As per my understanding, the key message is that doing well with money has less to do with the smartness of the person and lot to do with the behavior. There are a lot of learnings one can take-away from the book, my top 6 are as follows:

  1.  Manage your money in a way that allows you to sleep at night: I guess, this is the best punchline Morgan has put in this book. He explains that managing the money well is different from getting a highest package or getting high returns on the investment. People tend to lose sleep even when they are earning highest returns. There is a difference in getting wealthy and staying wealthy. So, the fundamental question we should ask ourselves before making any financial decision is – Will this help me to get sleep at night?
  2. Respect the power of luck and risk and be humble: We should be careful when assuming certain outcomes are only based on our 100% of actions. There are other factors that also have a role to play (luck and risk). We often forget to take it into consideration when calibrating someone’s success or misfortune. Morgan wrote a letter to his son when he was born and stated- “Not all the success is due to hard work and not all the poverty is due to laziness. Keep this in mind when judging people including yourself.” Further, another great advice that Morgan mentioned in the letter was “No one is impressed with our possessions as much as we are. We may think we need flashy possessions but deep inside what we want is respect and admiration from others. And these pricy possessions never bring that- especially not from the people we want to respect us.
  3. Don’t narrow your focus on individual patterns: Morgan emphasizes on focusing on broad patterns. As it so happens that when we focus on individual investments, ones which are doing well look to us as winners than they are, and the losers appear to be more regrettable than they should be. One must understand that it is not possible that all the things go right all the time. We can be wrong half the time and still make a fortune because of the 80-20 principle. As per Morgan, it is fine to have large chunk of poor investments and few outstanding ones.
  4. Make ‘time’ and ‘patience’ your best friends: The single most powerful thing that any investor can do is – increase the time horizon. The ones who understand the power of compounding understand the role of ‘time’ in investing. He points out one fact which makes the point so relevant - $81.4 billion out of $84.5 billion net worth of Warren Buffet came after his 65th birthday. His secret in investing is time. His close friend and business partner Charlie Munger were quoted saying – “The first rule of compounding is: Never interrupt it unnecessarily.
  5.  Define the cost of success and be ready to pay it: There are no free lunches. The problem is that for a lot of things the price tags aren’t visible. When we experience them first-hand, then the price becomes apparent. He uses the statistic that the S&P 500 increased 119-fold in the 50 years ending 2018. Imagine, if someone would have invested a lump sum and just watched it compound over years. But not many have done it. Because there is a ‘fee’ for these incredible returns which are fear, uncertainty, regret, panic as stock markets plunges at regular intervals. This is the price we must learn to pay to enjoy the returns.
  6. Define the game you’re playing: We often commit mistake of making our financial decisions on someone else opinion (be it experts’ advice, stock market news, some industrialist’s portfolio, and other mediums). A teenager, an elderly person, and a hedge fund manager- all will have different goals. And the hard reality is that another person, whom we are blindly following, doesn’t know our end goal. We follow a decision that may be right for them and disastrous for us. Hence, it is important that as an individual we realize our game to avoid getting distracted and off-track by others’ decisions. This is no single right answer in this mad world of investing. We just have to find out the answer that works for us.

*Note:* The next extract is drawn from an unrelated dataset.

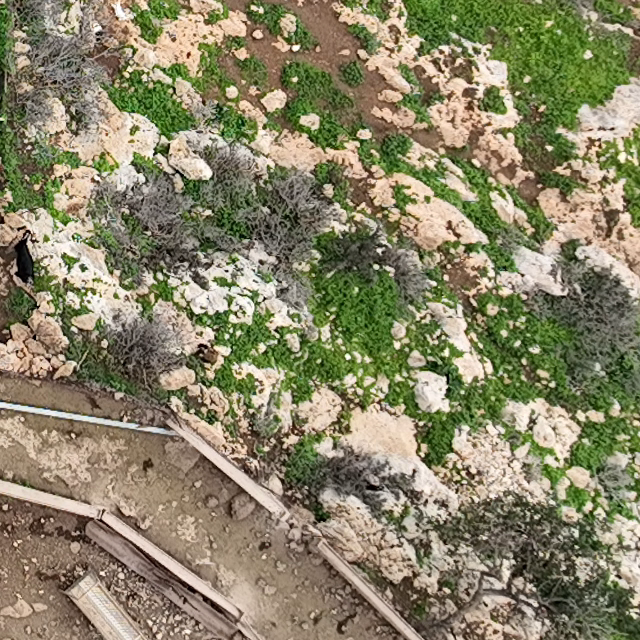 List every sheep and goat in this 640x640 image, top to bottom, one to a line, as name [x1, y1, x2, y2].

goat [0, 64, 6, 123]
goat [13, 227, 36, 284]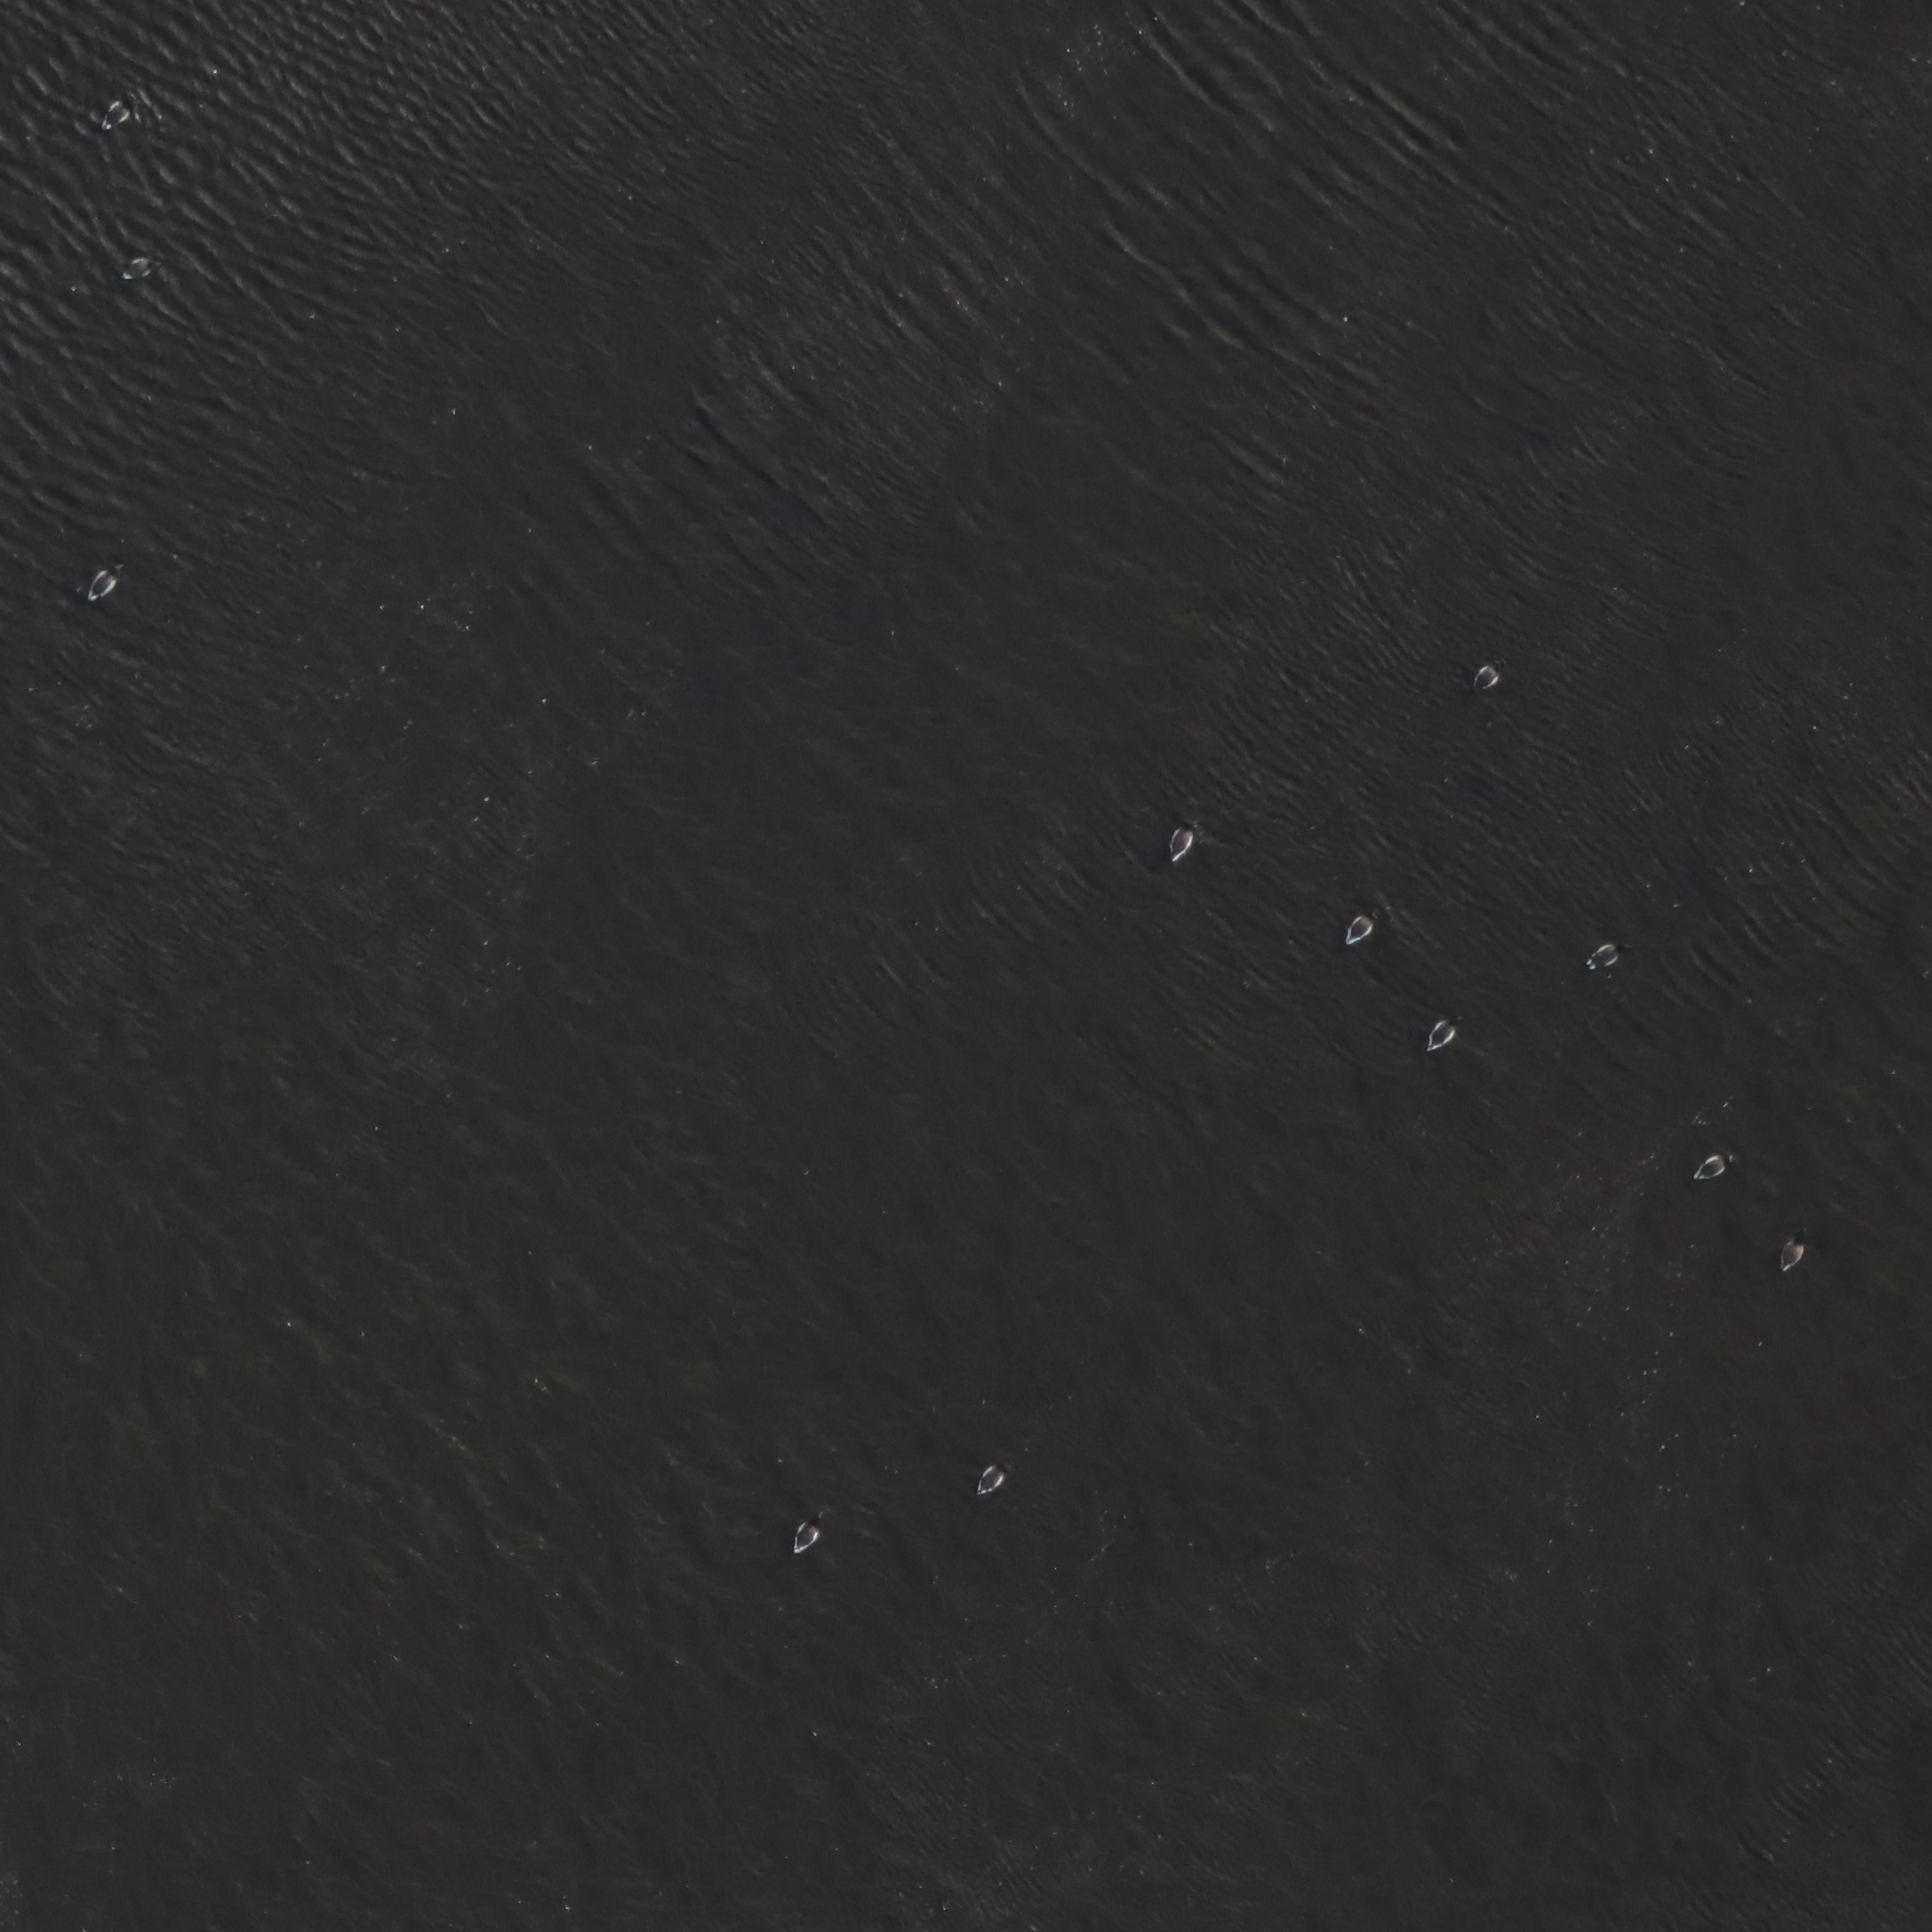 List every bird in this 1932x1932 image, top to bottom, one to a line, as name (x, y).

 Morgan has added a postscript titled “A Brief history of why U.S. Consumers think the way they do”. This section is interesting to understand the current state of consumers in US market.

There are many books on investing, but this book provides a fresh look on the human biases we have, in crisp manner and using simple language. One is bound to gain awareness on our psychological behaviors to navigate better with the money matters. Let me warn you , there is no math-based logic displayed in the book to tell you where to invest, best ways to invest rather Morgan has dived into the grey area on showcasing how people make financial decisions in real world.

I would recommend this book to anyone who doesn’t have the appetite to go through thick detailed books on psychology yet wants to learn about behavior and money decisions. It will help you to make your own mental approach for money.

As always, please don't forget to leave your comments in the comment box below and share what are you reading currently. Happy Reading! 

Friday, January 15, 2021

Book Review: The 4-hour Workweek

 I am glad that this is the first book I picked to read in this new year. This book provides interesting concepts, actual life hacks that can help you increase productivity, motivate you to work on the things that matter by making each minute of yours count. I wouldn’t say that this book is only for entrepreneurs. This is for anyone and everyone who is serious about changing his/her current working lifestyle and way of living. And the pandemic just made some of the situations easy.

Timothy Ferriss often referred as Tim Ferriss, the author of the book mentions about the New Rich (NR) community, a fast-growing subculture who has mastered the art of mobility to create a luxurious life for themselves instead of living with a retirement plan every day. He uses the examples of NRs throughout the book to draw the comparison between habits of NRs and others.

What distinguishes this book from any other productivity improvement/ lifestyle improvement book is that Tim has provided lots of practical tips, many useful web links in the book (informative for US folks) rather than just talking about the subject. I have only come across few books where authors have actually shared links that they practically use ( one other book is Game Changers by Dave Asprey )

This book offers a lot of tips. My top five key take-aways are as follows:

1.     Use of Parkinson’s Law: 
Use this law to accomplish more in less time. Shorten the schedules, the meeting durations, deadlines for project so that one has full focus on the work and does not end up procrastinating. I am sure many of us can think of such situations where we would have applied this in our work, in our college – like annual project being completed in two days etc. The fundamental is simple – if we are crunched for time, we are often forced to use it efficiently.

2.     Apply Pareto’s Principle: 
This is my saver and now I take a meaner look at all the work activities I am ‘supposed’ to do. Pareto’s principle states that roughly 80% of the effect comes from 20% of the causes. Tim advises to use this statistical technique in selecting our tasks that have a significant impact overall. I strongly believe that applying Pareto’s principle, be it in our business or personal lives, we can streamline our focus on important few and make our lives much simpler.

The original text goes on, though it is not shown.